The themes include: winner-take-all phenonomen, numerous effects of randomness on the world, the invalidity of the Gaussian Bell Curve to most things in world, concepts of scalablity, numerous instabilities in the world, especially the modern world where information travels so quickly, the fallacies about people's inability to predict the future. The importance of these ideas, Taleb's ability to weave them together into a single theory, and the ability of this theory to change the way you look at the world, means the book easily deserves my highest recommendation.
However, the book does have many flaws, unfortunately -- unfortunate because I believe they will take away from the credibility of the message, which is in important one. The are numerous minor flaws such as, for example, the inexplicable invention of a fictional author (disclosed a few pages later), when certainly there must have been some real example that would have worked better. Another example is repeated jabs about the French; these may be amusing but I just don't think they have a place in work like this. There are also diatribes against specific people, including famous economists, which, though amusing, and possibly justified, demonstrate a high level of anger by author and take away from his credibility. Often he also overreaches, for example in saying the usual combination of anti-abortion and pro-death penalty or the opposite combined views of pro-abortion and anti-death penatly cannot be explained logically, when in fact widely known theories such as George Lakoff's (in Moral Politics) have explained hows these groups of views are entirely consistent.

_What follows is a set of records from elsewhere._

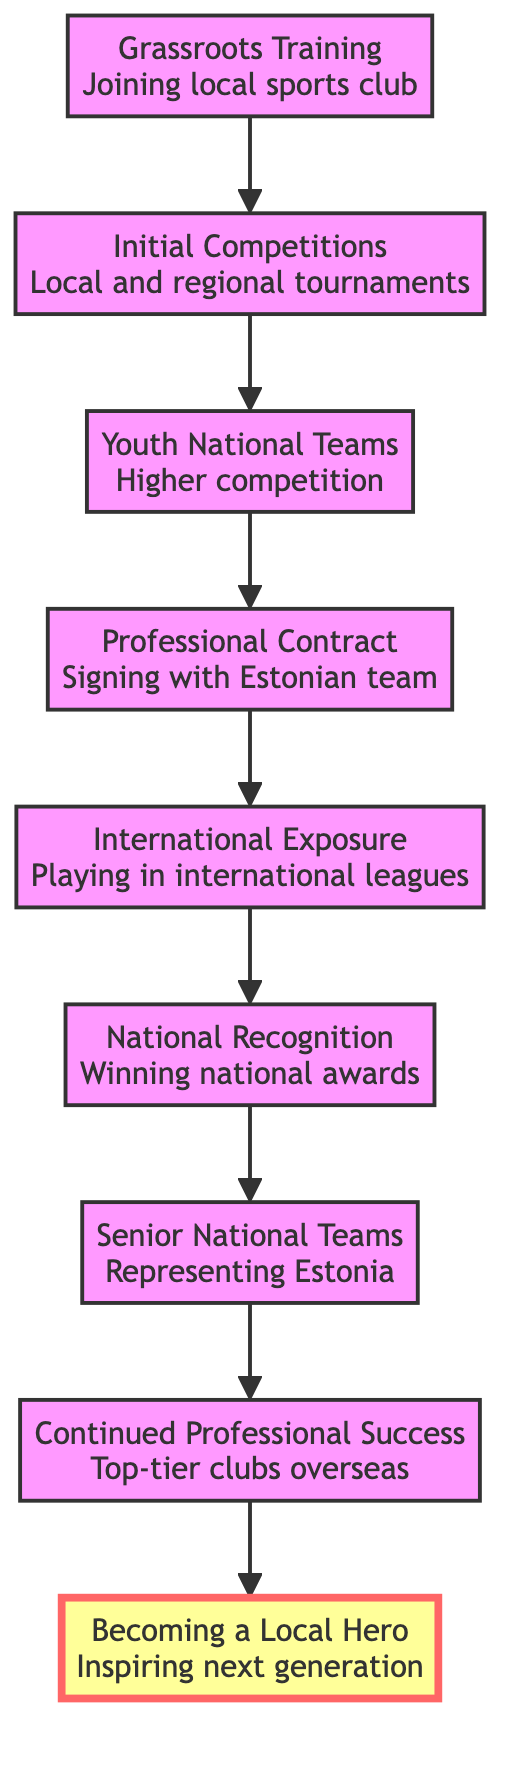What is the first step in the career path? The first step listed in the diagram is "Grassroots Training", which is the starting point for the athlete's journey.
Answer: Grassroots Training How many total elements are in the flowchart? By counting the elements from "Grassroots Training" to "Becoming a Local Hero", there are 9 distinct elements.
Answer: 9 What is the last stage of the athlete’s career path? The last stage in the flowchart is "Becoming a Local Hero", which represents the culmination of the athlete's achievements and contributions.
Answer: Becoming a Local Hero What signifies the transition from local competitions to higher levels? The transition from "Initial Competitions" to "Youth National Teams" signifies moving to a higher competitive level.
Answer: Youth National Teams What achievement follows "National Recognition"? After "National Recognition", the next step in the career path is "Senior National Teams", indicating the athlete is called up for the national senior team.
Answer: Senior National Teams Which element represents signing a contract with a professional team? The element "Professional Contract" in the diagram represents the stage where an athlete signs a deal with a professional team.
Answer: Professional Contract What is the icon used for "International Exposure"? The icon associated with "International Exposure" in the flowchart is a globe emoji, signifying global opportunities.
Answer: 🌍 How does an athlete advance from youth to senior level? An athlete advances from youth level to senior level by moving from "Youth National Teams" to "Senior National Teams", marking the transition to representing the country at a senior level.
Answer: Senior National Teams What does "Continued Professional Success" involve? "Continued Professional Success" involves securing roles in top-tier clubs or teams outside of Estonia, indicating progress in an athlete's career.
Answer: Top-tier clubs overseas

Another flaw is that Taleb seems to go a little toward the extreme of saying that we can predict almost nothing about the future, and though he does not say so explicitly, this seems to imply we have no moral responsibility to the future. This, combined with Taleb's advice to the reader about their behavior based on the "Black Swan" view of world just rubbed me the wrong way, for several reasons. One is that Taleb personally has very little in common with most people; never having as far as I know had a regular career (essentially what he calls non-scalable, e.g. dentist, engineer, baker) he nevertheless recommends that people choose these kinds of careers rather than a scalable career (e.g. financial trader, author, actor which are subject to a few lucky successful people and a lot of failures). This advise is odd first because Taleb is in a non-scalable profession (derivatives trader, then hedge fund manager) -- indeed it appears he is quite wealthy. Even more odd because he says all these types of non-scalable types of work are boring and evens makes sarcastic comments (the book is extremely sarcasm heavy) for example about dentists being able to do well by diligently drilling teeth for 30 years. The second things that bothered me is that Taleb seems be somewhat amoral to me; in this type of book where plenty of his own emotions come through, plenty of his personality, he has plenty of criticism of others for their wrong models and wrong view of the world, and how this has hurt the world, but there remains a lack of moral responsibility to his advice.

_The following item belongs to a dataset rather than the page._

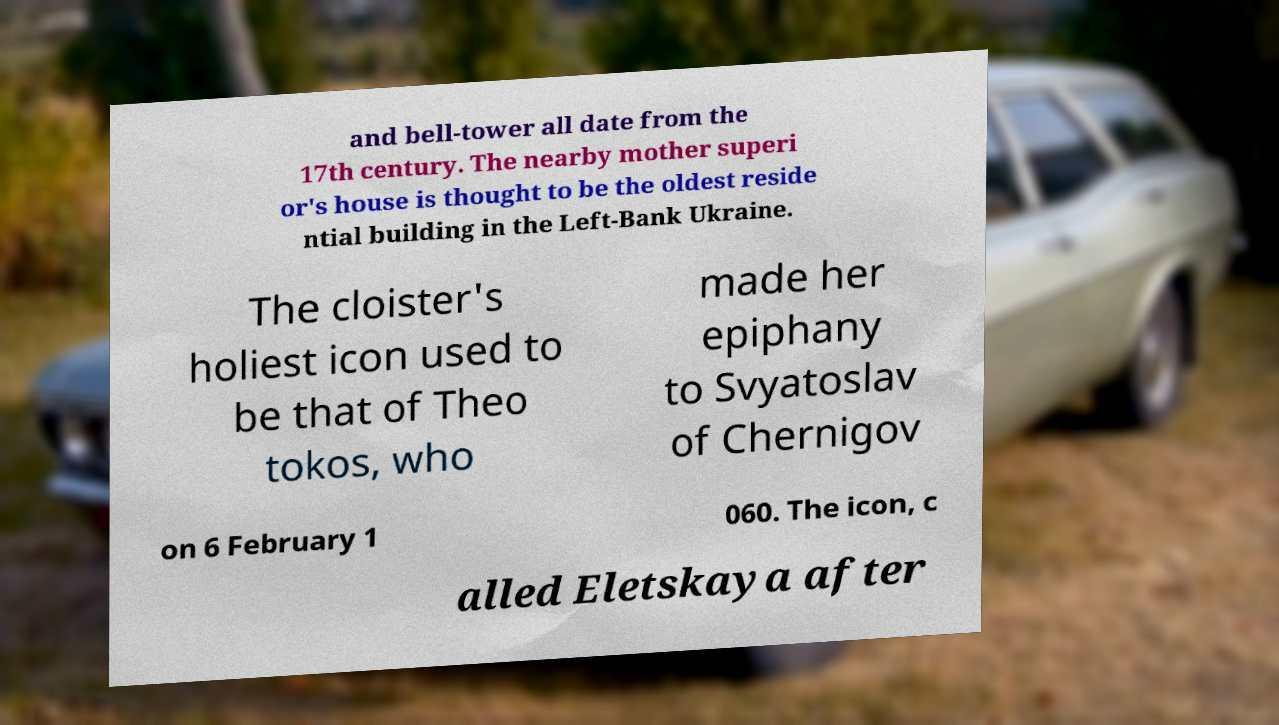I need the written content from this picture converted into text. Can you do that? and bell-tower all date from the 17th century. The nearby mother superi or's house is thought to be the oldest reside ntial building in the Left-Bank Ukraine. The cloister's holiest icon used to be that of Theo tokos, who made her epiphany to Svyatoslav of Chernigov on 6 February 1 060. The icon, c alled Eletskaya after

Perhaps the best comparison I could make are to other important works that do not suffer from these flaws, for example the Age of Fallibility by George Soros and Irrational Exuberance by Robert Shiller (1st and 2nd editions). But probably Black Swan will sell better than either of these because of it's "edginess," i.e. aggresiveness; I personally have a distaste for this approach.
Despite my criticisms, the main ideas of the book as so important as to merit reading and indeed great consideration.